Once you find the line containing "Numbers: x, y, z, sx, sy, sz, roll, pitch, yaw." in the data below, copy it and each following line exactly, up to and including the line containing "1. desk lamp: -0.430", and nothing else.

- [EXERCISE DATA]:

-- -- --

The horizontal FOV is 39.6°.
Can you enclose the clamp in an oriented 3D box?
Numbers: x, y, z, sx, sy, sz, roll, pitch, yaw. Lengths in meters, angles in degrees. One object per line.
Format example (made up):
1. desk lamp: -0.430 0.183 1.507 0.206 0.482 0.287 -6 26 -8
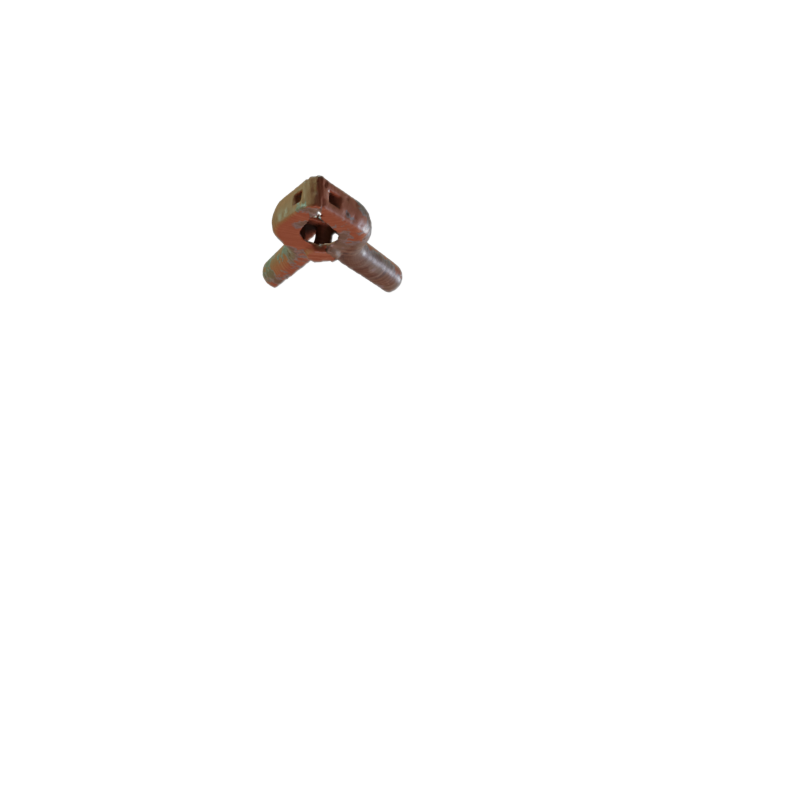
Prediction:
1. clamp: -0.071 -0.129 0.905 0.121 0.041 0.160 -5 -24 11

-- -- --

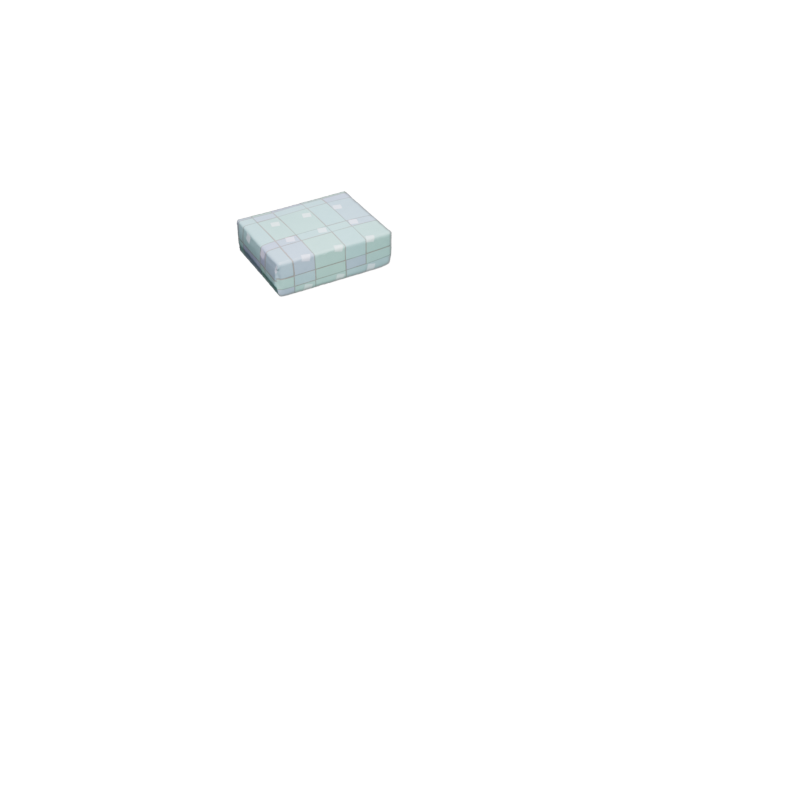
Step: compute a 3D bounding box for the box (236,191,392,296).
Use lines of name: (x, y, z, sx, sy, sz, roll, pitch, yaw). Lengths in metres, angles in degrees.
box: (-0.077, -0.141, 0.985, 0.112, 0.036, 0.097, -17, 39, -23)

-- -- --

- [ANSWER FOR THE TASK]:
Numbers: x, y, z, sx, sy, sz, roll, pitch, yaw. Lengths in meters, angles in degrees. One object per line.
Format example (made up):
1. desk lamp: -0.430 0.183 1.507 0.206 0.482 0.287 -6 26 -8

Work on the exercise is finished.